Etwas anders ist der Akzent im Lukasevangelium gesetzt - gut greifbar in unserem heutigen Predigtext. Lukas hat von Anfang an, von der Weihnachtsgeschichte an, das Kommen Jesu Christi als Stärkung für die Armen und Elenden beschrieben. Für Lukas ist Jesus vor allem Seelsorger. Und das ist er bis zuletzt, auch noch am Kreuz - denken Sie an das Gebet für die Feinde (Vater, vergib Ihnen,....), und an das Gespräch mit den Schächern. Die Elenden, die im Ansehen der Welt nicht oben an stehen, die im Dunklen sitzen, sind es vor allem, die ihn brauchen. Sie freuen sich über sein Kommen. Sie sind es dann auch, die ihn um Hilfe bitten, wie dieser Blinde in unserer Geschichte. Sie, die Bedürftigen, ahnen, dass in Jesus eine Kraft wirksam ist, die sie nirgends so finden; eine Kraft, die nicht von dieser Welt ist.
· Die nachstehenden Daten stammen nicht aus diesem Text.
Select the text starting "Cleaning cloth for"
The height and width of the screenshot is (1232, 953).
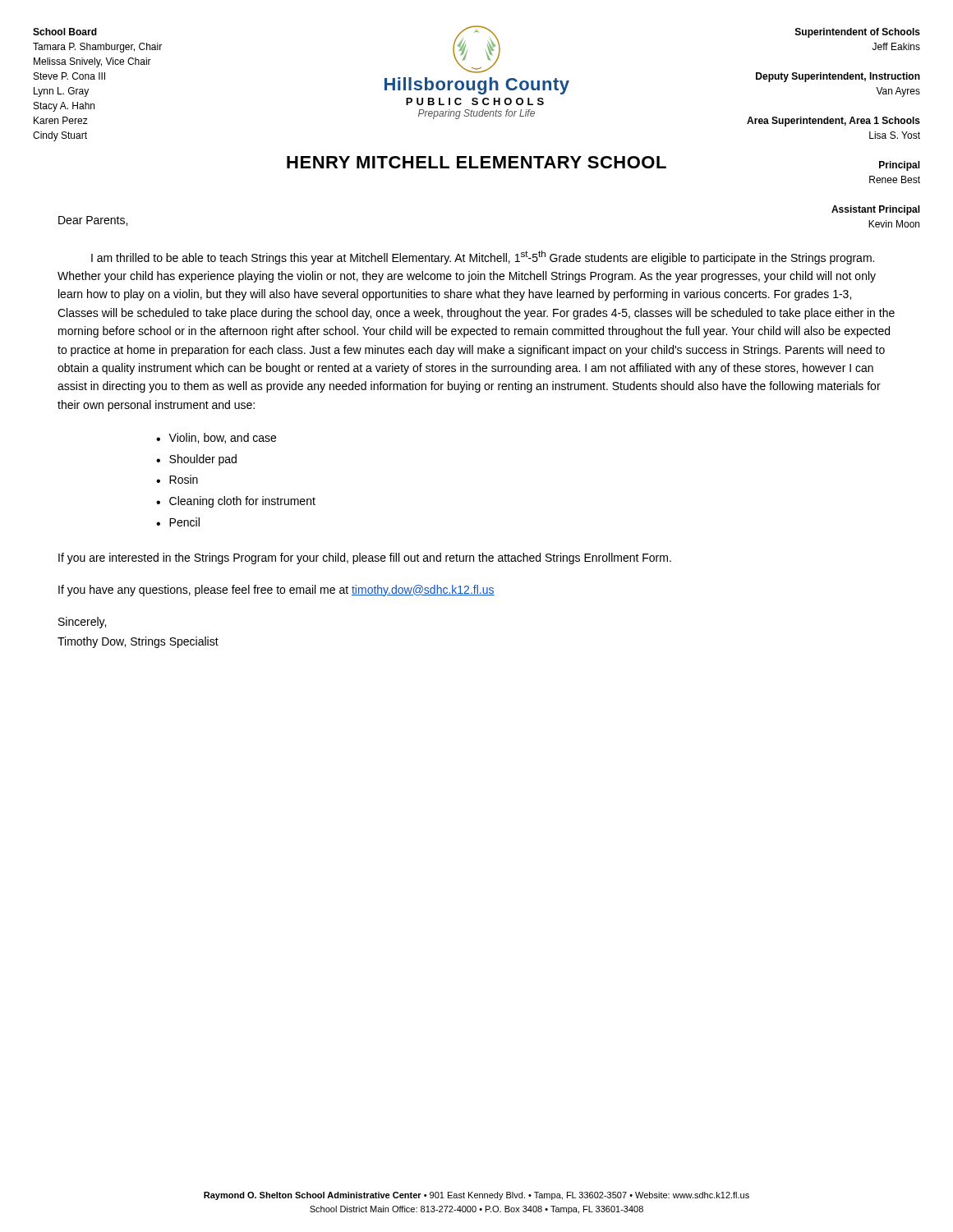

Damit ist dieser Blinde trotz seiner Blindheit der einzige Nichtblinde, der einzige tief und klar Sichtige in seiner so sehr geschäftigen Umgebung. Denn er, der nichts sieht, sieht, woher ihm Hilfe kommen kann. Darum schreit er Jesus nach. Er schreit, was er schreien kann, auch wenn er die Leute nervt. Er bleibt dabei und lässt sich auch nicht abwimmeln, weil er ahnt, dass diese Chance, dass sich Jesus ihm zuwendet, nie wieder kommt. Ja, in diesem Schrei nach Jesus drückt sich die ganze Sehnsucht und Hoffnung, der ganze Glaube dieses Mannes aus.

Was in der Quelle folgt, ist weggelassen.